Dissecting RNA selectivity mediated by tandem RNA-binding domains.

RNA-protein interactions are pivotal to proper gene regulation. Many RNA-binding proteins possess multiple RNA-binding domains; however, how these domains interplay to select and regulate RNA targets remains poorly understood. Here, we investigate three multidomain proteins, Musashi-1, Musashi-2, and unkempt, which share a high degree of RNA specificity, a common feature across RNA-binding proteins. We used massively parallel in vitro assays with unprecedented depth with random or naturally derived RNA sequences and find that individual domains within a protein can have differing affinities, specificities, and motif spacing preferences. We conducted large scale competition assays between these proteins and determined how individual protein specificities and affinities influence competitive binding.

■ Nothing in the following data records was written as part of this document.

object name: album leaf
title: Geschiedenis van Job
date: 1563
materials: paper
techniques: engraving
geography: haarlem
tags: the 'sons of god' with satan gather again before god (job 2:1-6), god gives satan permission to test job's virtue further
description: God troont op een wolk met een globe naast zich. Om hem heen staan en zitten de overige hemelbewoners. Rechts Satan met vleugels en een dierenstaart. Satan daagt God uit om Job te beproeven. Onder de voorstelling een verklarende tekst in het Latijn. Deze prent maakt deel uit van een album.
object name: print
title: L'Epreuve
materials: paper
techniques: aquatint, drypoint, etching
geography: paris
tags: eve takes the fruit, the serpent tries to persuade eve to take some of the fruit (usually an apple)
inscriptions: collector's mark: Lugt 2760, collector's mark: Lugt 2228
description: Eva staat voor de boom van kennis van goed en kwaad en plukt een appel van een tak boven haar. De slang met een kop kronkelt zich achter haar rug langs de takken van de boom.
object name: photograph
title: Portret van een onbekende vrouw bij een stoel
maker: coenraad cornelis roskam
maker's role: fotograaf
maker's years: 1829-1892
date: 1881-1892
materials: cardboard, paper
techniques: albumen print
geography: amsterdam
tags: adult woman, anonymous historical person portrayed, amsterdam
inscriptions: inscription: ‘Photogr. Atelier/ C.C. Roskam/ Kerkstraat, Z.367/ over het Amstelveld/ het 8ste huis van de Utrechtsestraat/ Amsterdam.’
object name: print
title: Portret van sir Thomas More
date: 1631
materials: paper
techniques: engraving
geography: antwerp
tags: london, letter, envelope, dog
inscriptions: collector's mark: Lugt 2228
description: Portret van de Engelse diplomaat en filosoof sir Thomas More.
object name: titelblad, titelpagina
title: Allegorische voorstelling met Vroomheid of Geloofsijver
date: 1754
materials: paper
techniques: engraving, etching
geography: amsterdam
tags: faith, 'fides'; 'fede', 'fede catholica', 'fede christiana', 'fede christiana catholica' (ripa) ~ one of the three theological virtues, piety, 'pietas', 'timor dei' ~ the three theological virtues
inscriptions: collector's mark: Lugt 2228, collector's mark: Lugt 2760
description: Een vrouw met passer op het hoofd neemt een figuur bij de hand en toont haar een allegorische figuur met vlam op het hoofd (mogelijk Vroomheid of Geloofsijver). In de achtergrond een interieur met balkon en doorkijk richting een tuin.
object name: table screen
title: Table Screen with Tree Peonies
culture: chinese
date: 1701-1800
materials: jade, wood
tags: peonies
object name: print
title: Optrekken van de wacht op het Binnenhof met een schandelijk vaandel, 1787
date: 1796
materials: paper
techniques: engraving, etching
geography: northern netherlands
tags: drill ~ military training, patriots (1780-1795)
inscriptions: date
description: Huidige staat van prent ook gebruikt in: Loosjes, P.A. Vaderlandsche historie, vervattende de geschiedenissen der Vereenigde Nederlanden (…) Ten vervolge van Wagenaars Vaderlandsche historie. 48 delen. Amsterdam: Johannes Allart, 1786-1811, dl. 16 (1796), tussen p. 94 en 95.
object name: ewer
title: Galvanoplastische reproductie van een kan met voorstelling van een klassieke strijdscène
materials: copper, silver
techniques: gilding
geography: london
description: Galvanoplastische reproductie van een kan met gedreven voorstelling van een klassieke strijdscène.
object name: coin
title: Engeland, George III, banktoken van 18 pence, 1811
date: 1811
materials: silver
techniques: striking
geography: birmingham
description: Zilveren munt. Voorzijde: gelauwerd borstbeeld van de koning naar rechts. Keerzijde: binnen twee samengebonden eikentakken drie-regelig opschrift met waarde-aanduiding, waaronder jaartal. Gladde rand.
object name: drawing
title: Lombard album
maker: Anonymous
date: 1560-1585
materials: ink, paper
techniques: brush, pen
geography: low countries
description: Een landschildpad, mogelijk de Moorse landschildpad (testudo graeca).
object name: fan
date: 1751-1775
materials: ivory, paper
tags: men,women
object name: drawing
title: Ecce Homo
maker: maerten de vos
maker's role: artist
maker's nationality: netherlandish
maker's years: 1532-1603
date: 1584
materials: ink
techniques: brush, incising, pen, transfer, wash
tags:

Integration of binding and regulation in cells with in vitro specificities showed that target selection involves a combination of the protein intrinsic specificities described here, but cellular context is critical to drive these proteins to motifs in specific transcript regions. Finally, evolutionarily conserved RNA regions displayed evidence of binding multiple RBPs in cultured cells, and these RNA regions represent the highest affinity targets. This work emphasizes the importance of in vitro and in cultured cells studies to fully profile RNA-binding proteins and highlights the complex modes of RNA-protein interactions and the contributing factors in target selection.